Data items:
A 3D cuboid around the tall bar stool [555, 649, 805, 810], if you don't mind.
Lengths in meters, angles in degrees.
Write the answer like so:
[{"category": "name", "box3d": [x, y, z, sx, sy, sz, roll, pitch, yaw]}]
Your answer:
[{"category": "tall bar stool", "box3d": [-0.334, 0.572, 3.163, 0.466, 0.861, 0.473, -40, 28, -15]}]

---

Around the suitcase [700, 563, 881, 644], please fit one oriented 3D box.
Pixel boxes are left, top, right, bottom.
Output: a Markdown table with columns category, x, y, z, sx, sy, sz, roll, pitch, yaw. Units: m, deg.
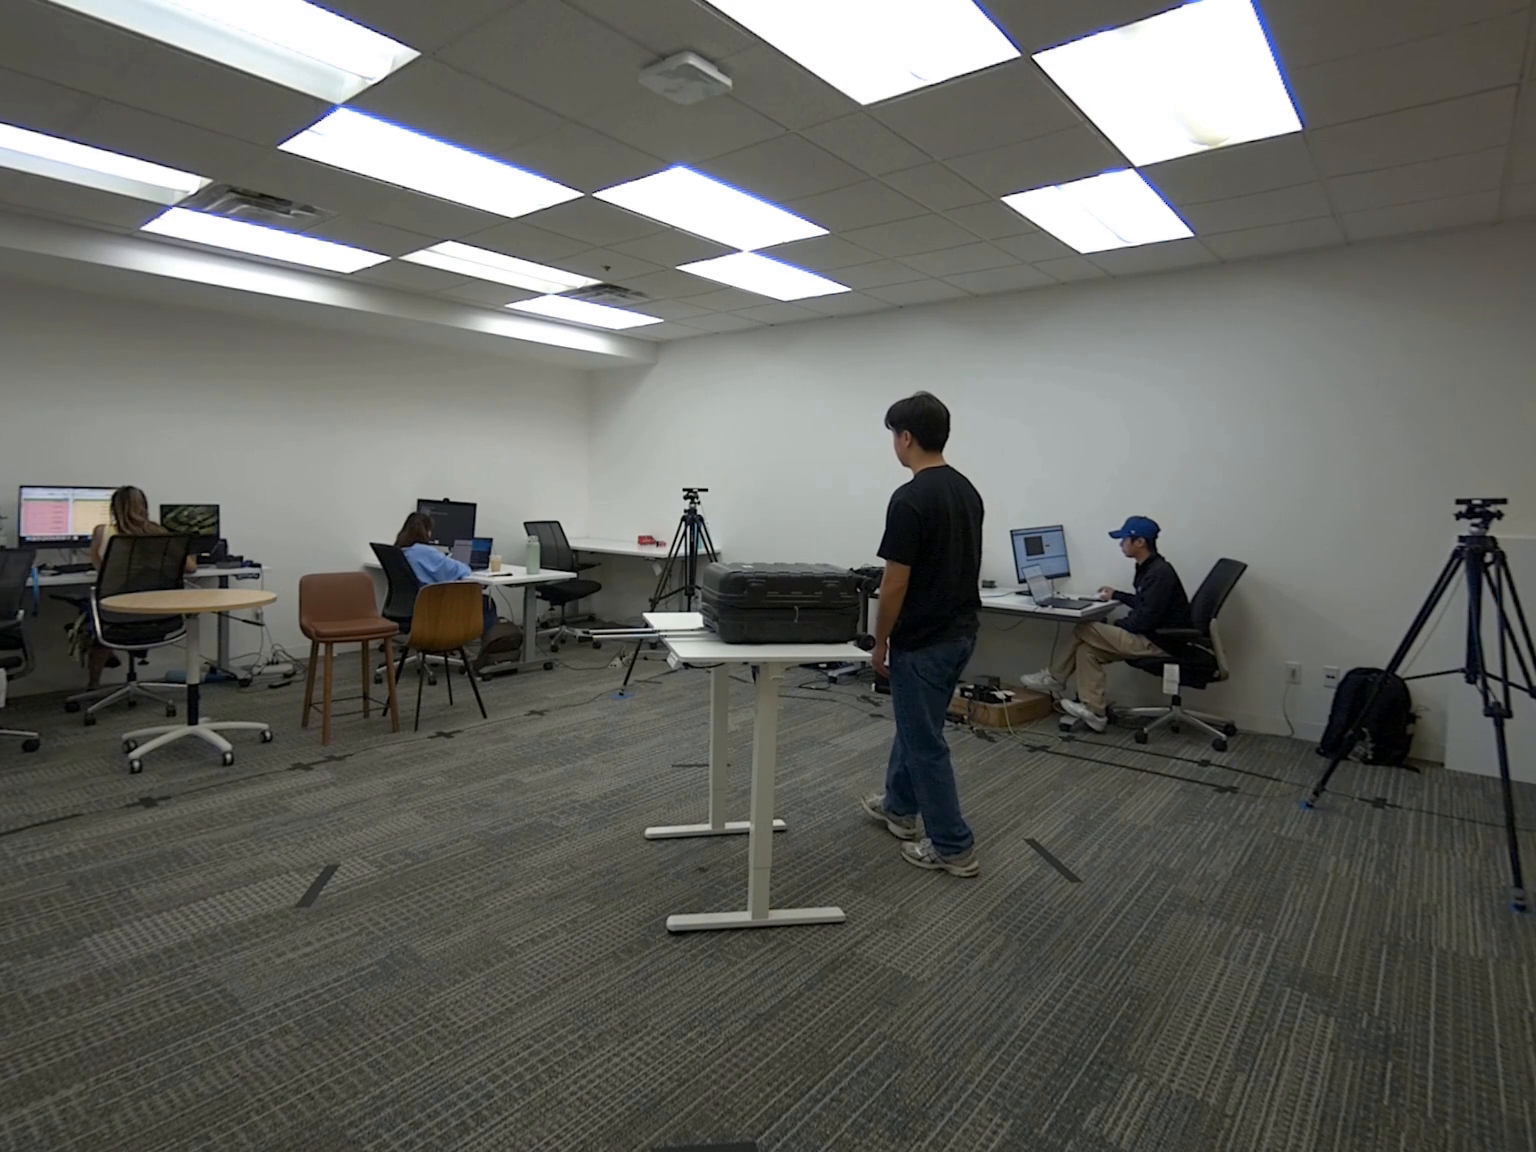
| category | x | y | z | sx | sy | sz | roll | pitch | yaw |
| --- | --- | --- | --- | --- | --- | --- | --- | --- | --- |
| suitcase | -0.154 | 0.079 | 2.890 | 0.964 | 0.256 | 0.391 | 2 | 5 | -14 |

...

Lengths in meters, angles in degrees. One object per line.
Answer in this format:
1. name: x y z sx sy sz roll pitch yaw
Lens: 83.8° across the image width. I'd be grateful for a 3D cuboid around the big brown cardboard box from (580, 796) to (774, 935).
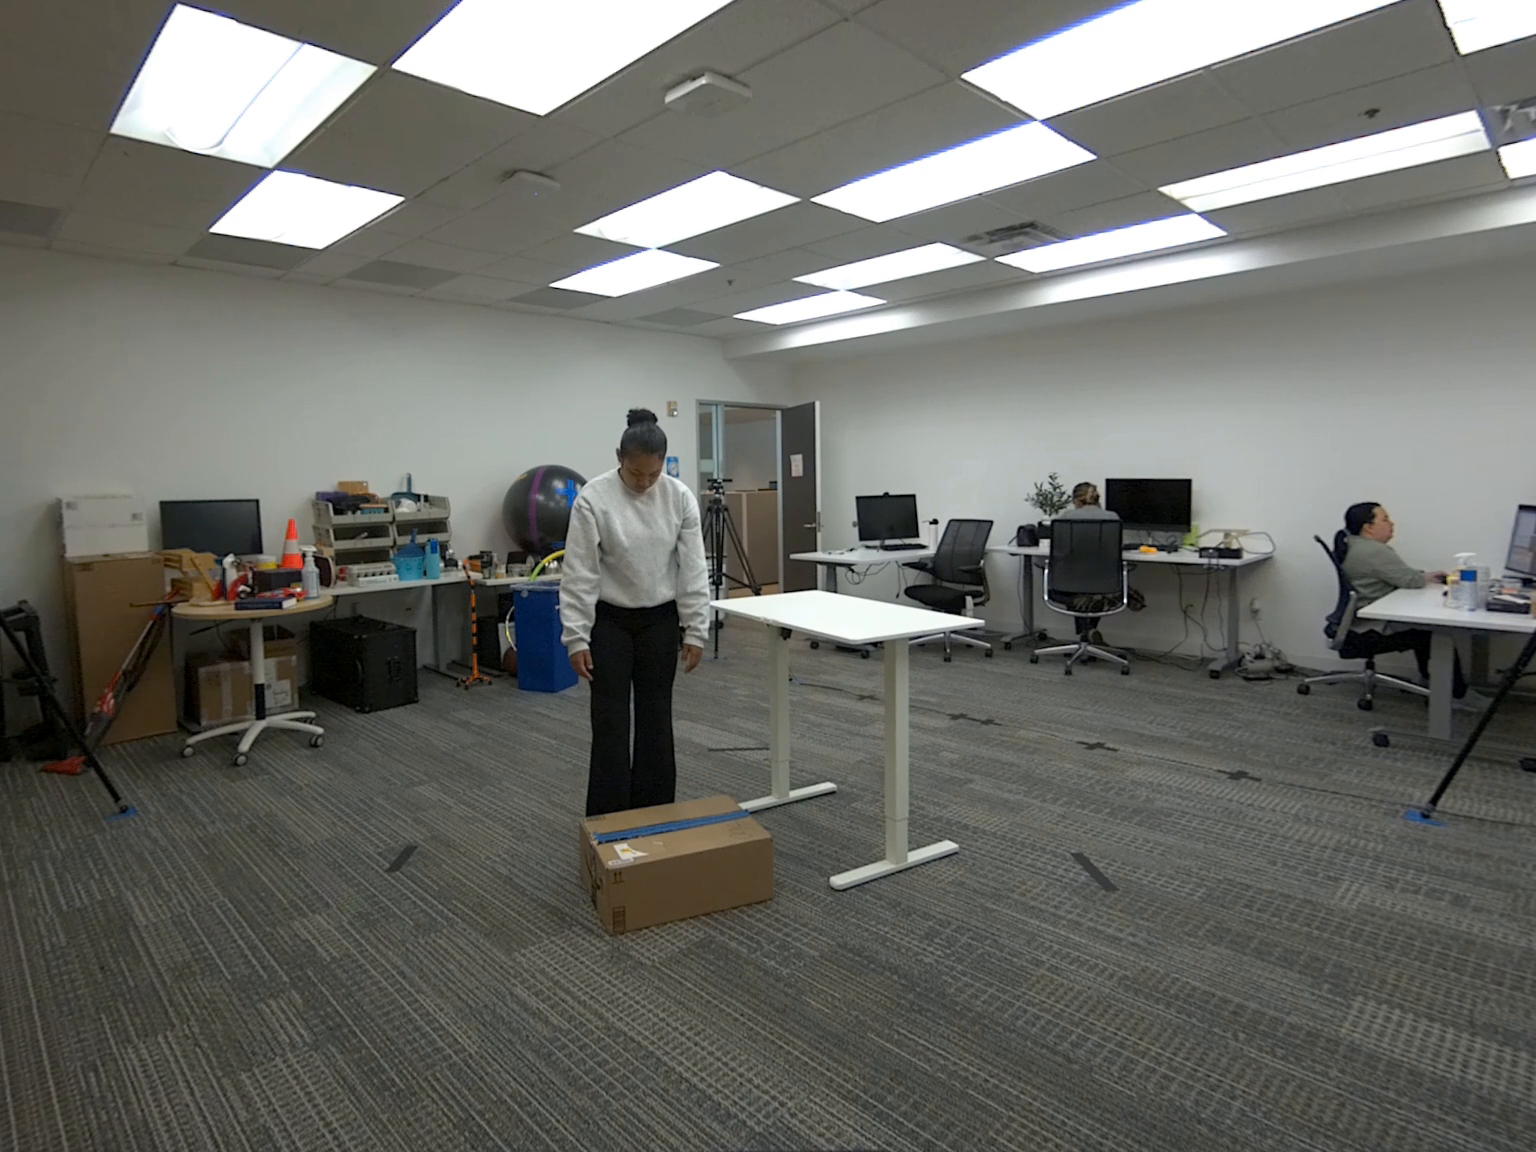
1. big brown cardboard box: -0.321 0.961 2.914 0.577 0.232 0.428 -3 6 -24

The problem:
Scan the records for lines with the string "Lengths". Give the number of such lines and nothing else.

Response to this exercise:
2